MDS became the first digital tool to allow cities to express policy (such as “scooters can park here”) digitally in a way that mirrors the policies they represent in the physical world. It enabled micromobility operators to send LADOT a notification about their use of the public right-of-way. The efficiency of expressing policy digitally reduced the need for physical enforcement, which in turn allowed LADOT to welcome any operator who was able to meet the insurance and performance bond requirements, without an artificially low vehicle cap, and with no geographic restrictions within the city.
In real numbers, from April 2019 – April 2020, this translated to 8 operators, registering almost 55,000 vehicles that were used in over 10.3 million trips throughout the nearly 7,500 miles of Los Angeles streets.
Shortly after the MDS pilot program began, and the city could express policy digitally, complaints about scooters from residents fell by 73% percent.
Even environmental impacts were notable as LADOT, through MDS and surveys, calculated 1,802 tons of CO2 emissions were avoided through e-scooter usage during the pilot program. Moreover, since LADOT had developed MDS software in open source, nearly 100 cities around the world adopted it in their pursuit of managing their public right-of-way.
The COVID-19 pandemic has made the need for digital tools like MDS all the more urgent. As cities chart a path forward to ensure a safe, equitable, and reliable transportation system for all, they need a full, reliable picture of how demands on our roads and airways are changing. They need oversight of their curb spaces to make room for emergency vehicles and food deliveries. They need to know where micromobility vehicles like bikes and scooters are being deployed to ensure public health, safety and equitable access to transportation resources. Looking ahead, they’ll need to oversee drone delivery takeoff and landing locations to ensure vital supplies are reaching their destinations as quickly as possible while accounting for the quality-of-life of people in those cities. Only a city working with a dynamic digital tool can make all this happen, happen successfully, and happen equitably at that.

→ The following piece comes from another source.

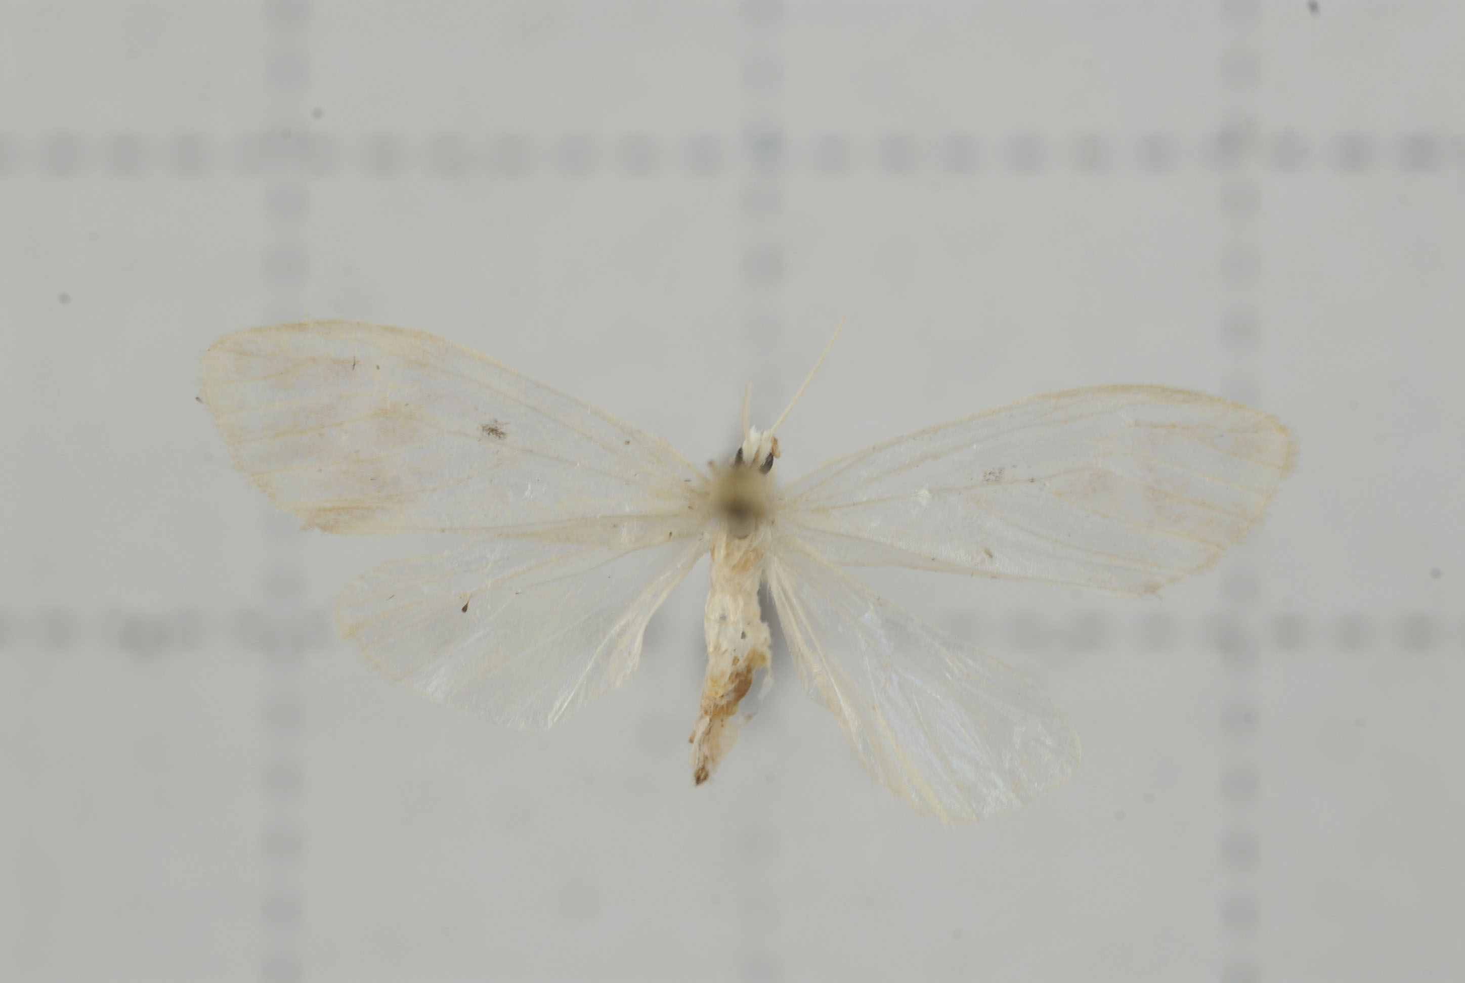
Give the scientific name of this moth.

And so now, Lacuna is engaged in an effort to take everything that we’ve learned about the transportation ecosystem and translate it from the physical to the digital public right-of-way. We are creating true alignment between these two planes so that cities may reclaim the stewardship that the public has entrusted them with and fulfill their obligations to manage, regulate and operate our streets through the lens of socio-economic equity.